RECORDED INFORMATION =
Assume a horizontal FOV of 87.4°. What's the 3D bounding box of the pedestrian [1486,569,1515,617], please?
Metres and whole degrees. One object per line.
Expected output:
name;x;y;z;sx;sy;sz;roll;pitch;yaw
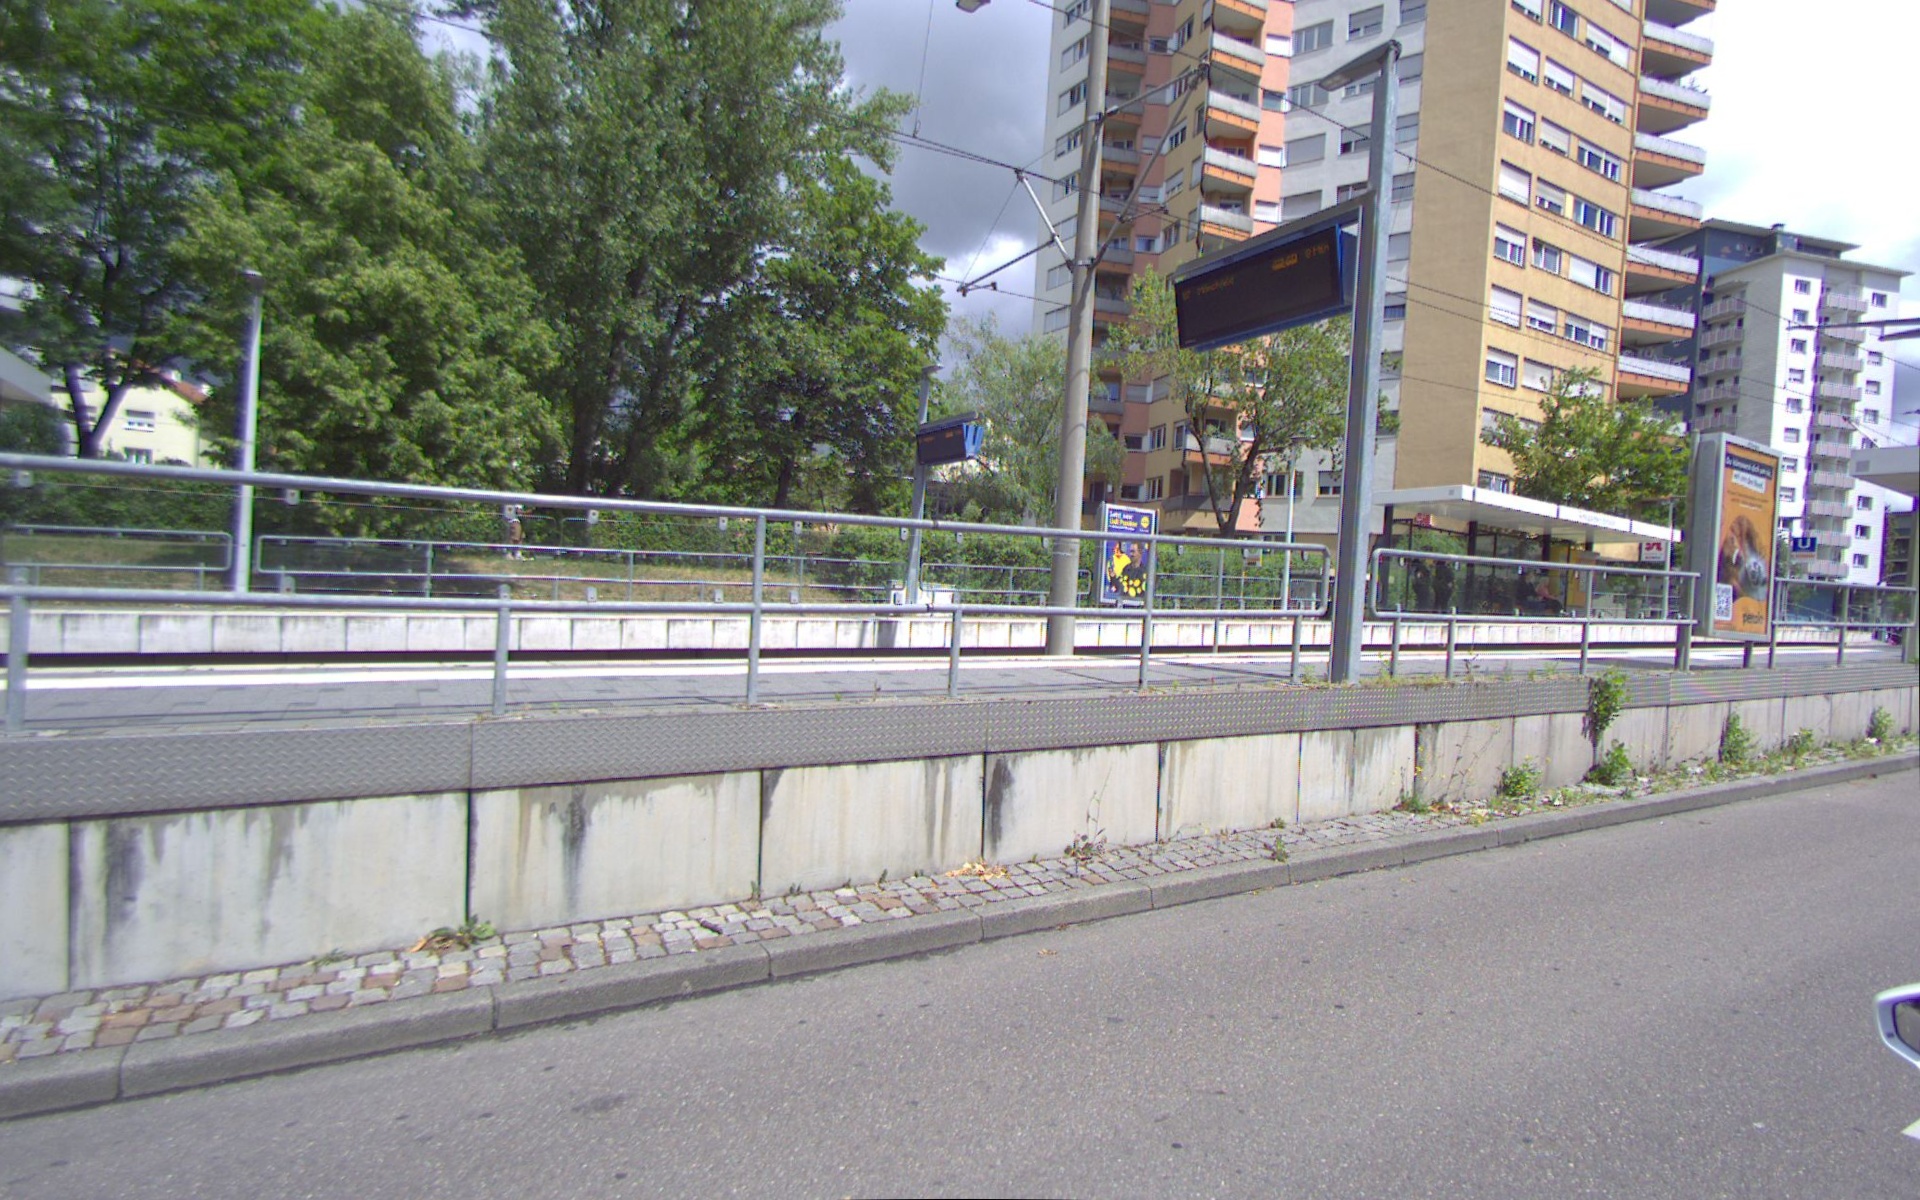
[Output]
pedestrian;14.129;-0.181;26.264;0.539;1.253;0.515;1;0;-43

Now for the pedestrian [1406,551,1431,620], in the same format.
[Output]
pedestrian;11.229;-0.359;24.578;0.512;1.666;0.564;1;0;26

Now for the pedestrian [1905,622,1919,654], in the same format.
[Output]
pedestrian;41.002;1.624;42.914;0.676;1.360;0.859;2;0;28

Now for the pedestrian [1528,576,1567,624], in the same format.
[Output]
pedestrian;15.860;-0.002;27.142;0.512;1.253;0.738;1;0;-31

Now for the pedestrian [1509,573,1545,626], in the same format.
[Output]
pedestrian;15.104;-0.023;26.767;0.501;1.387;0.640;1;0;-31

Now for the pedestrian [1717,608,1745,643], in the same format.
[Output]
pedestrian;38.771;1.282;50.530;0.678;1.719;0.857;1;0;-17

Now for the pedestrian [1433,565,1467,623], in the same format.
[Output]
pedestrian;12.143;-0.153;24.893;0.517;1.397;0.537;5;-2;-40

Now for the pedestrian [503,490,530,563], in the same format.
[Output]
pedestrian;-10.860;-1.781;24.605;0.499;1.735;0.647;1;0;-31

WHAT IS NEEDED =
Give the lines above again exactly, from the one containing "Metres and whole" to the one containing "Now for the pedestrian [1433,565,1467,623], in", both included, but leave out the pictures.

SOLUTION BELOW =
Metres and whole degrees. One object per line.
Expected output:
name;x;y;z;sx;sy;sz;roll;pitch;yaw
[Output]
pedestrian;14.129;-0.181;26.264;0.539;1.253;0.515;1;0;-43

Now for the pedestrian [1406,551,1431,620], in the same format.
[Output]
pedestrian;11.229;-0.359;24.578;0.512;1.666;0.564;1;0;26

Now for the pedestrian [1905,622,1919,654], in the same format.
[Output]
pedestrian;41.002;1.624;42.914;0.676;1.360;0.859;2;0;28

Now for the pedestrian [1528,576,1567,624], in the same format.
[Output]
pedestrian;15.860;-0.002;27.142;0.512;1.253;0.738;1;0;-31

Now for the pedestrian [1509,573,1545,626], in the same format.
[Output]
pedestrian;15.104;-0.023;26.767;0.501;1.387;0.640;1;0;-31

Now for the pedestrian [1717,608,1745,643], in the same format.
[Output]
pedestrian;38.771;1.282;50.530;0.678;1.719;0.857;1;0;-17

Now for the pedestrian [1433,565,1467,623], in the same format.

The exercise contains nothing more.